Tenemos entonces un temor intrínseco al modo en que las personas nos humanizamos en vínculos amorosos por la dependencia total originaria respecto de -tradicionalmente- la mujer, y formas culturales que los incrementan generando un sufrimiento adicional innecesario, e incluso contraproducente, para el pasaje de la dependencia infantil a la independencia adulta.

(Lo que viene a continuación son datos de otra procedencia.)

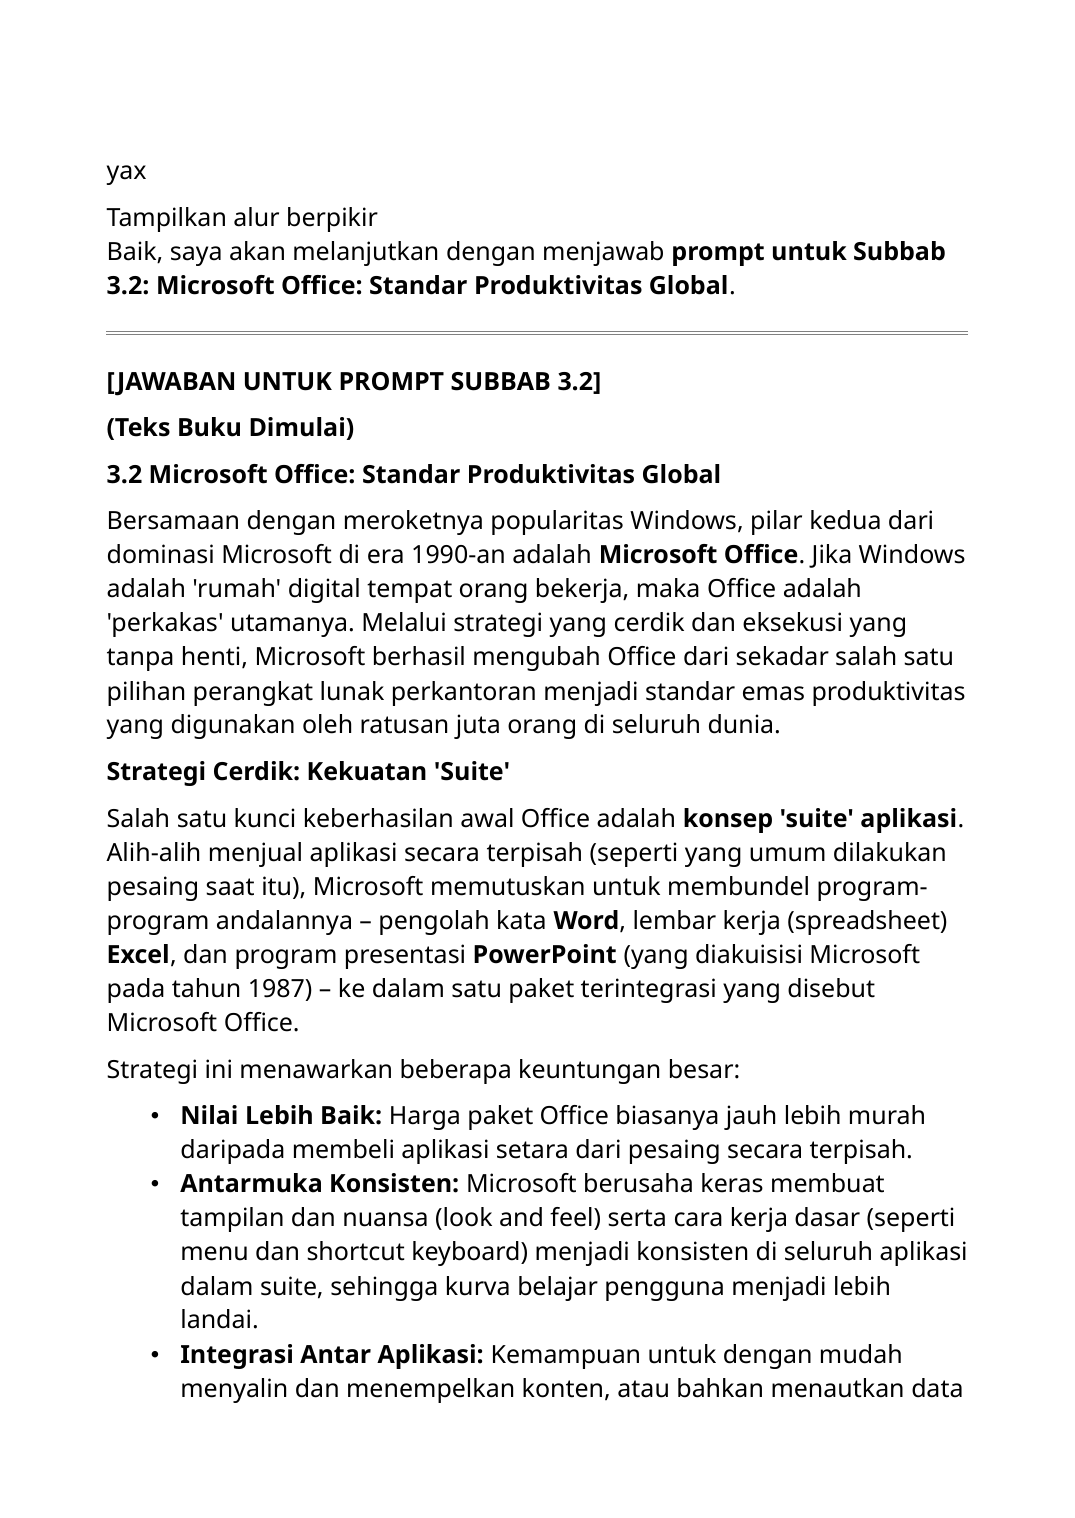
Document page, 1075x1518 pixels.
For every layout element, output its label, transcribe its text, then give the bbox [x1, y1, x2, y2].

«Eros y Psique en el telo del amor», un ojo de la cara
La picadura tiene que ser en el ojo. Esto supone una hazaña, enfrentar el mayor de los temores mirándolo a los ojos sin pestañar. En general, cuando algo nos da miedo, cerramos los ojos o desviamos la mirada. En este caso la cura sólo puede provenir de mirar el miedo a los ojos. En un lugar oscuro, estrecho, prácticamente inmóvil, rodeado de arañas. Pero ya no es objeto pasivo a merced de la amenaza, sino que ahora con sus propias manos puede tomar la araña y dirigirla hacia su ojo.
Enfrentar el miedo a la libertad, avanzar hacia la independencia, mirar a los ojos a Camila, tiene un costo: algo debe perderse. Podríamos decir que la cura de su pasaje a la adultez le “salió un ojo de la cara”. Hacia el final de la película lo vemos volver a la ciudad con una sonrisa. La palidez que antes lo acompañaba se circunscribe ahora sólo a un ojo. Imágenes que se superponen con su partida. El guía que ahora descansa y Camila, que aún lo mira, pero ya sin besar su herida. Está listo para amar.